I was raised Catholic & went to 12 years of parochial school. Parents are Republicans, but not too far to the right, though everything that’s wrong with this country is the Democratic Party’s fault.

It was quite a day 12 years ago or so that I told my mom that not only didn’t I have faith in the Catholic Church, but I’m not Christian at all. And I’m pretty much a Democrat. We just don’t talk religion or politics. If something comes up I just nod my head and say, “Mmmmm”, until something different comes up.

Family are evangelical Christians of various stripes. I’m the agnostic liberal heathen who voted, and voted Democrat.

We don’t get into deep discussions much. :slight_smile:

Mom is a uber-Catholic and very right-wing. Dad was uber-Libertatian and fairly non-religious.

I am Libertarian in most ways, but think basic services are the government’s responsibility including health care (hoping for universal coverage) and would like a small defensive only military. I am fairly non-religious but if asked, consider myself Muslim.

My political views are independent of my family.

Ever since Bush, I’ve noticed how my grandmother’s view’s change with the news-cycle or whatnot. God bless her. She would be perfect for polling.
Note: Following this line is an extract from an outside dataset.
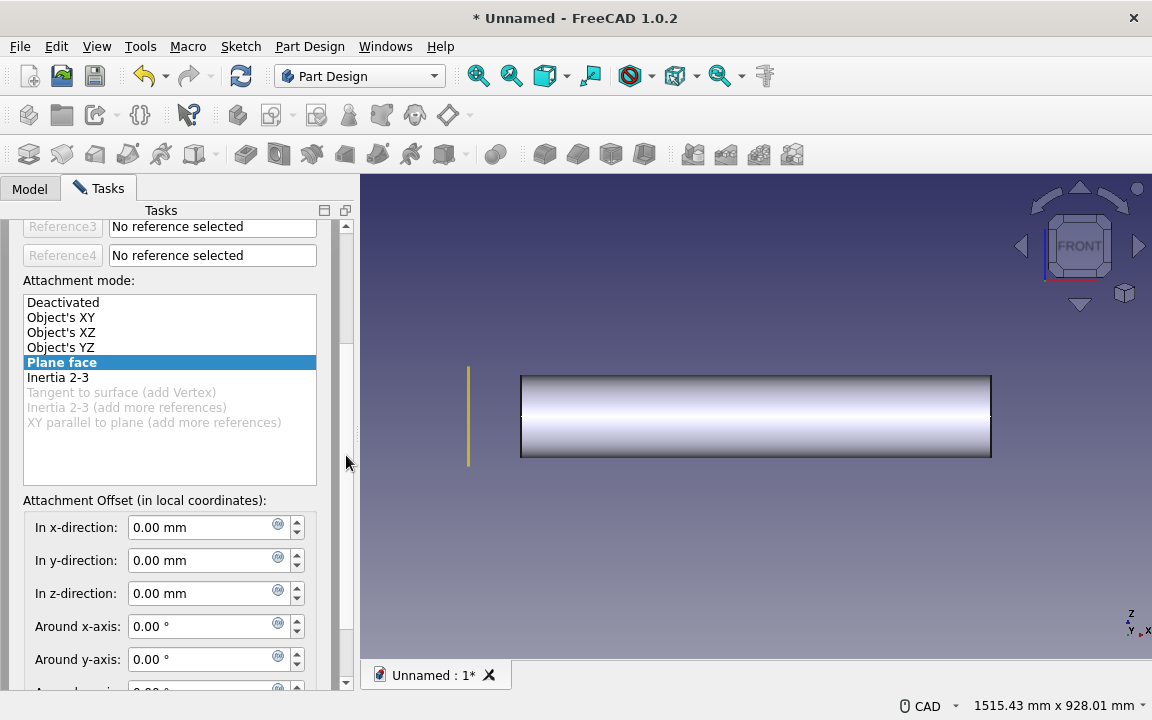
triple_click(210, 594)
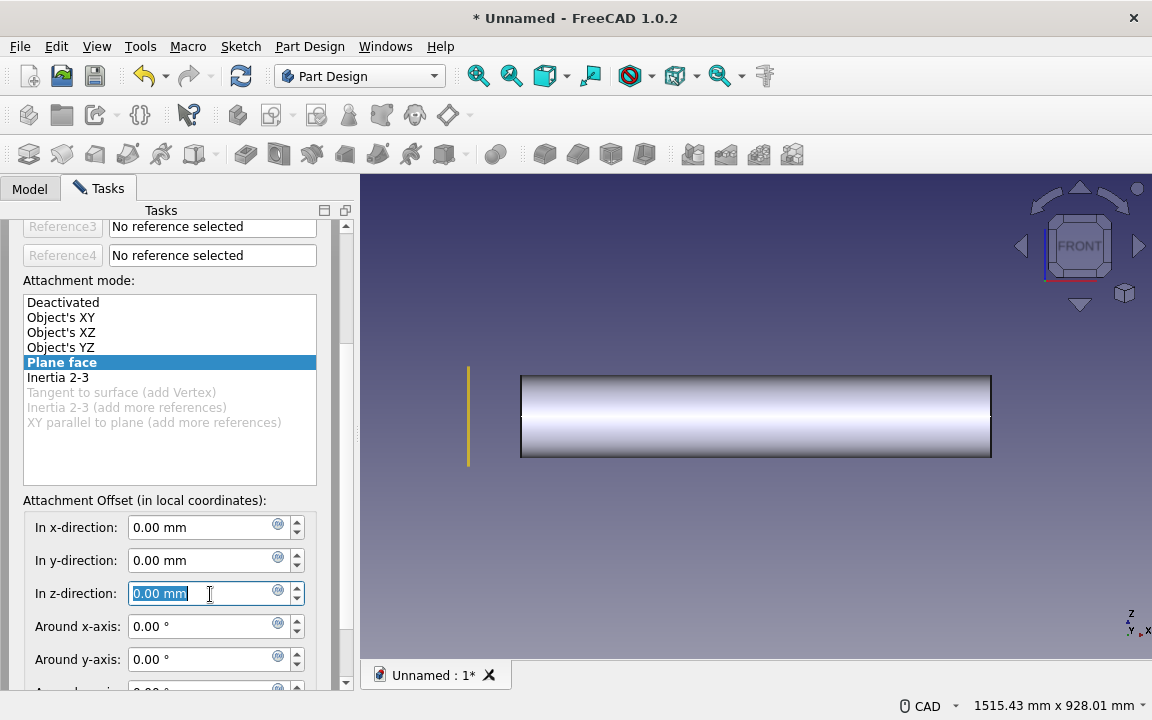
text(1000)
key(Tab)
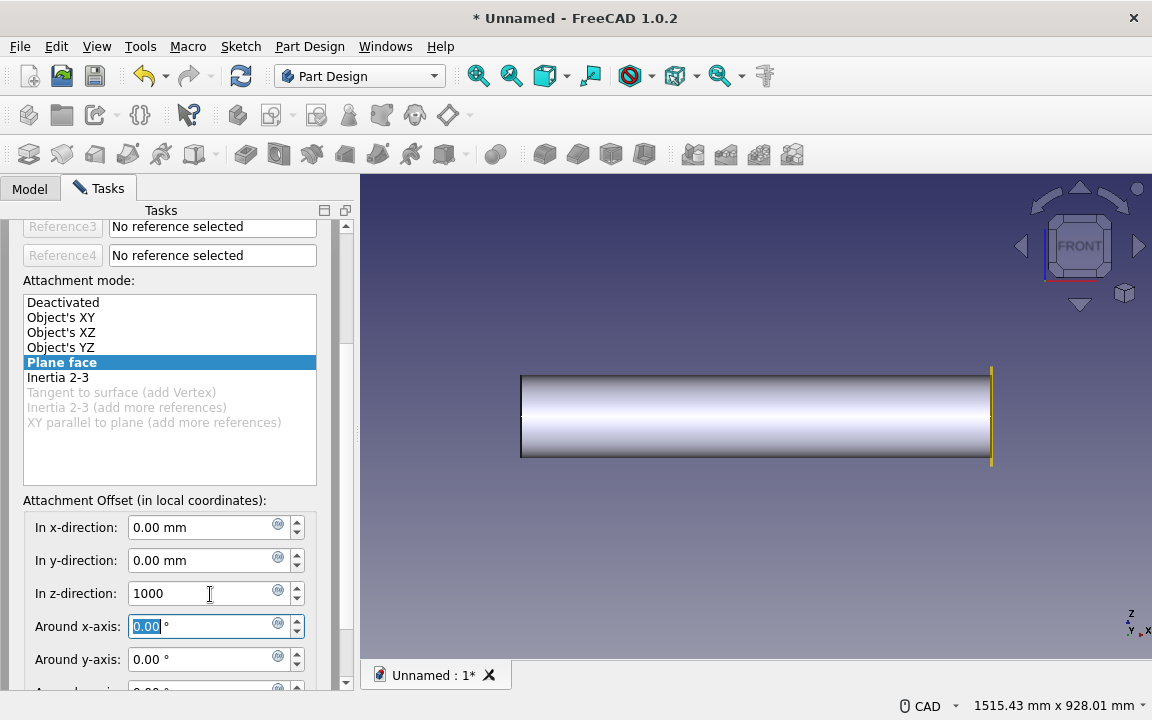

My parents are more conservative than I am on most issues. My father used to be very Republican, but he’s absolutely disgusted with the party now. My mother is somewhat more conservative than the Democratic party platform, but she usually finds that the Dem candidate is closer to her views than the Repub one is. My father is a cradle Catholic, and my mother was a Protestant, but converted to Catholicism when I was in my early 20s. I am a devout atheist. :slight_smile:

I am extremely liberal in some ways, and extremely conservative in others. For example, the main reason why I oppose the death penalty in our justice system is because I see so many wrongful convictions. On the other hand, I don’t believe that anyone who is committing a criminal act is entitled to have a safe environment. IOW, I think it should be fine and dandy to set any sort of boobytrap, from the mildly embarrassing right up to lethal. Yeah, the occasional trespasser might get injured, but I believe that most acts of trespassing are far less innocent than are claimed. As for stupid people wandering into the boobytrap, I think that the gene pool needs a little chlorine in it. I think that Darwin award contestants should be allowed to win their awards.

you’re breathing?

Ah grandparents.

During the elections, I asked my grandmother for whom she would be voting. Mind you, she’s in her 80’s, on Social Security, living in government subsidized housing, and on Medicare. She replied that she would be voting for McCain because if Obama won, the Muslims would “take over”.